- **About this task**
Please write out every record exactly, but keep any images out of it.

- **Given information**

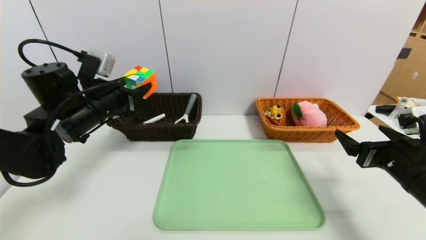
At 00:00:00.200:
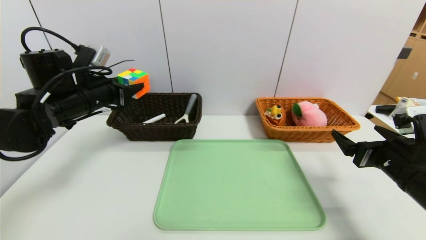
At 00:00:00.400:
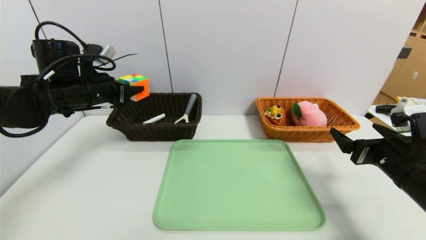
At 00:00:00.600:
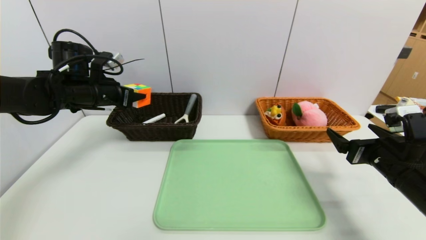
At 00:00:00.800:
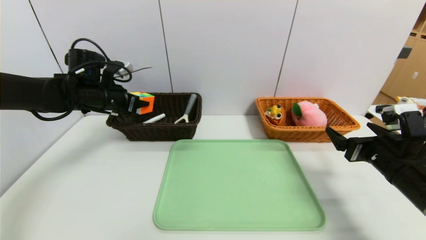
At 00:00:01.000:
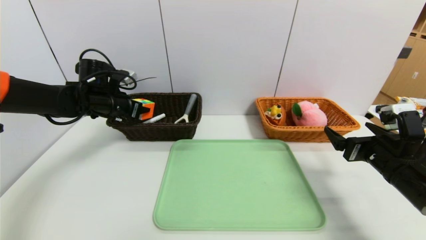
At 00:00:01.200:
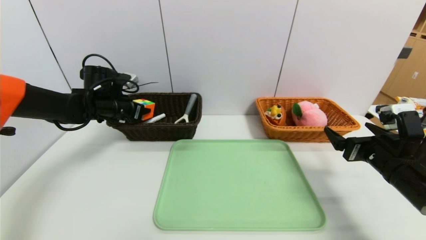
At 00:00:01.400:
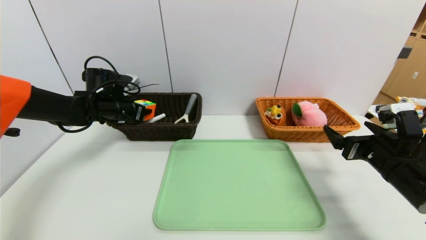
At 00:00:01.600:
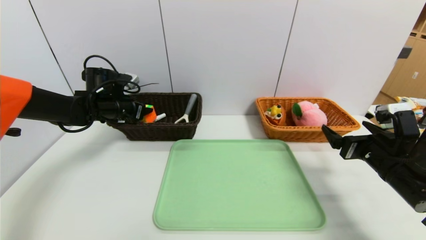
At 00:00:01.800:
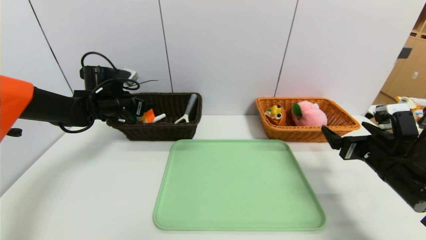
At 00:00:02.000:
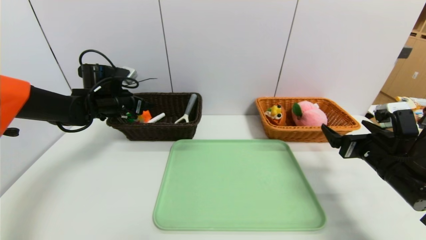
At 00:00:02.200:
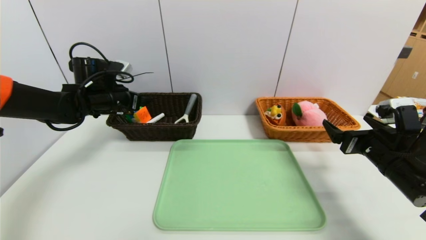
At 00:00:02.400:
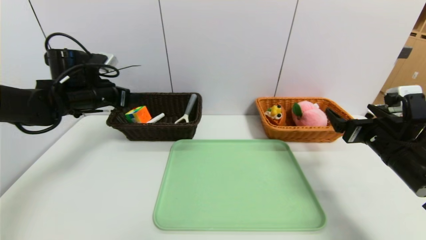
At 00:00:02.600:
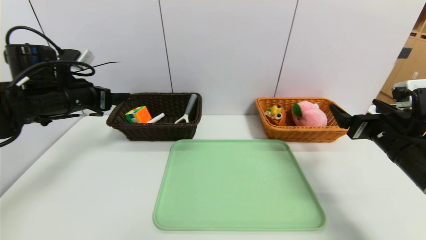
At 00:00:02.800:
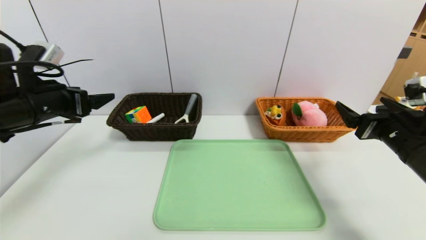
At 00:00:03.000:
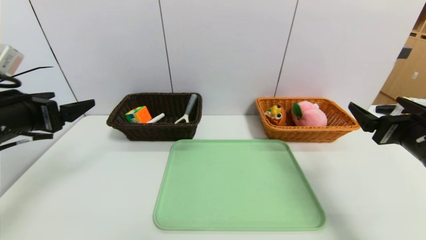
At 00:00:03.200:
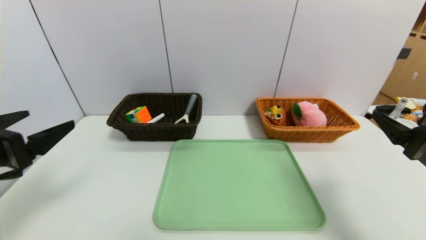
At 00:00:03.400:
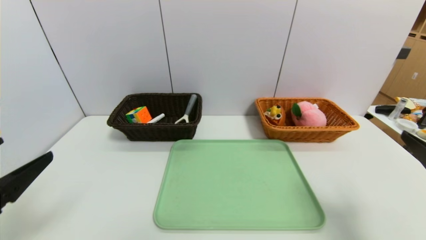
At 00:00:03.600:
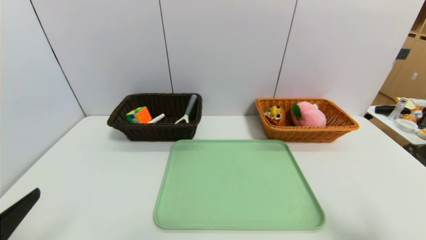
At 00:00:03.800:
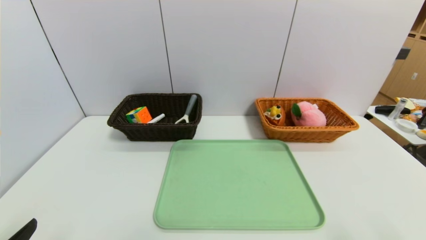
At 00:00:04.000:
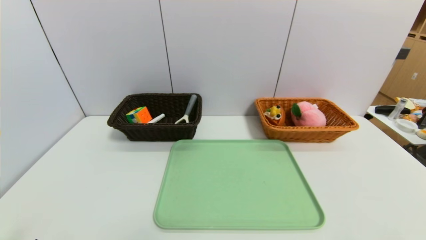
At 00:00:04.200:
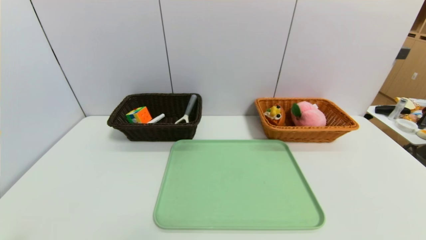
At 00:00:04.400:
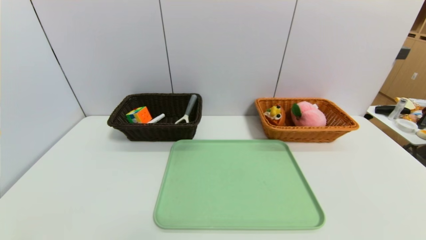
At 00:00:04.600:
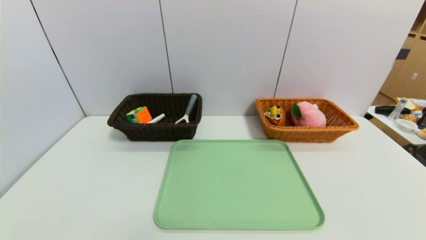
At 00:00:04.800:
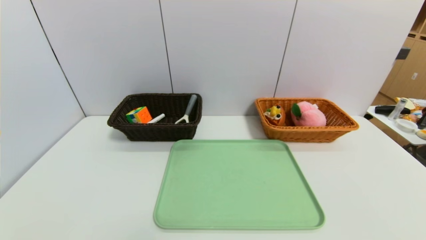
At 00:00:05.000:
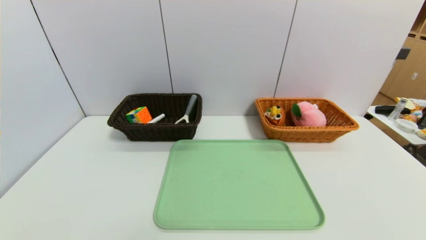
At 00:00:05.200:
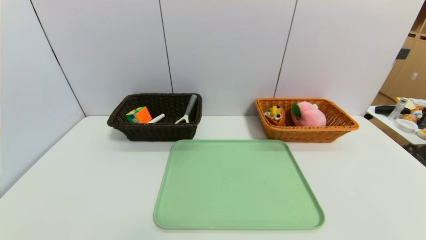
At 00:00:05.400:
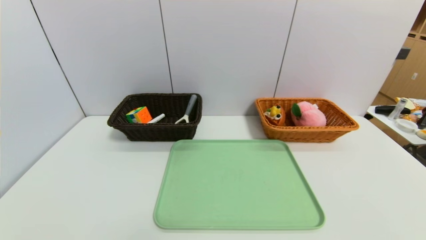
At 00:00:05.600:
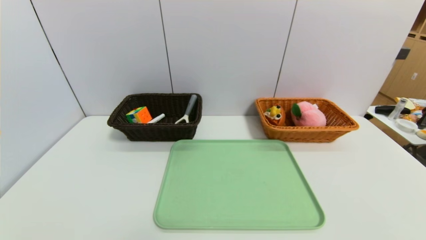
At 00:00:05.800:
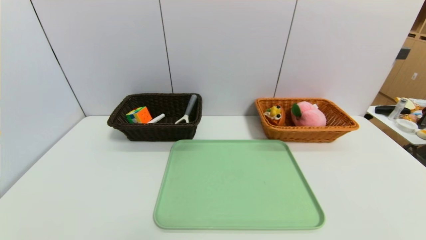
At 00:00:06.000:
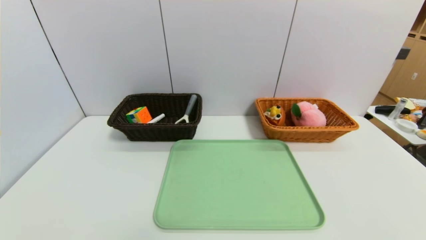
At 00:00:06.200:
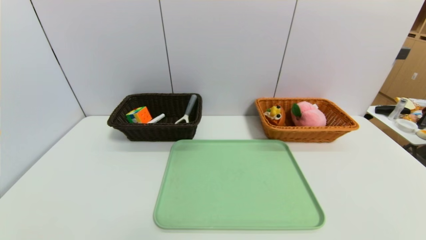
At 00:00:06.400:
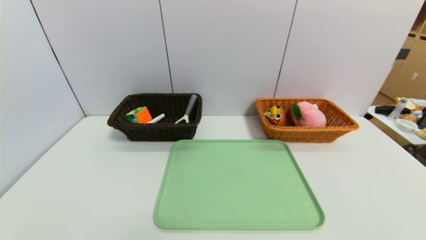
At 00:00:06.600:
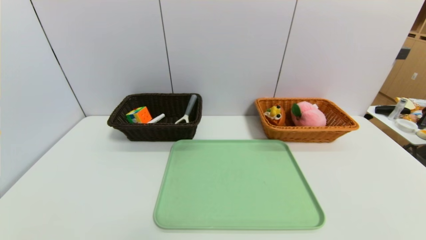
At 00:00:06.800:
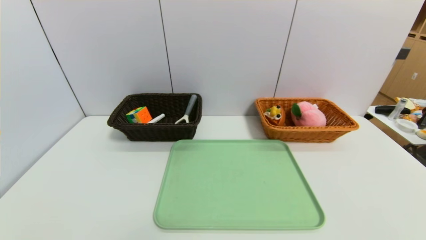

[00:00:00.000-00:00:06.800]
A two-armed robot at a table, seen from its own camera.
Task of the whole recording: place the food in the right basket with the right gripper, and place the non food items in the left basket with the left gripper.
00:00:00.000 to 00:00:01.400: The left gripper shifts approximately 10 cm forward.
00:00:01.400 to 00:00:02.800: The left gripper shifts approximately 20 cm backward and upward, and opens.
00:00:02.800 to 00:00:04.000: The right gripper goes approximately 25 cm backward. Meanwhile the left gripper goes approximately 30 cm backward and downward.

- **Your solution**
At 00:00:00.200:
At 00:00:00.400:
At 00:00:00.600:
At 00:00:00.800:
At 00:00:01.000:
At 00:00:01.200:
At 00:00:01.400:
At 00:00:01.600:
At 00:00:01.800:
At 00:00:02.000:
At 00:00:02.200:
At 00:00:02.400:
At 00:00:02.600:
At 00:00:02.800:
At 00:00:03.000:
At 00:00:03.200:
At 00:00:03.400:
At 00:00:03.600:
At 00:00:03.800:
At 00:00:04.000:
At 00:00:04.200:
At 00:00:04.400:
At 00:00:04.600:
At 00:00:04.800:
At 00:00:05.000:
At 00:00:05.200:
At 00:00:05.400:
At 00:00:05.600:
At 00:00:05.800:
At 00:00:06.000:
At 00:00:06.200:
At 00:00:06.400:
At 00:00:06.600:
At 00:00:06.800:

[00:00:00.000-00:00:06.800]
A two-armed robot at a table, seen from its own camera.
Task of the whole recording: place the food in the right basket with the right gripper, and place the non food items in the left basket with the left gripper.
00:00:00.000 to 00:00:01.400: The left gripper shifts approximately 10 cm forward.
00:00:01.400 to 00:00:02.800: The left gripper shifts approximately 20 cm backward and upward, and opens.
00:00:02.800 to 00:00:04.000: The right gripper goes approximately 25 cm backward. Meanwhile the left gripper goes approximately 30 cm backward and downward.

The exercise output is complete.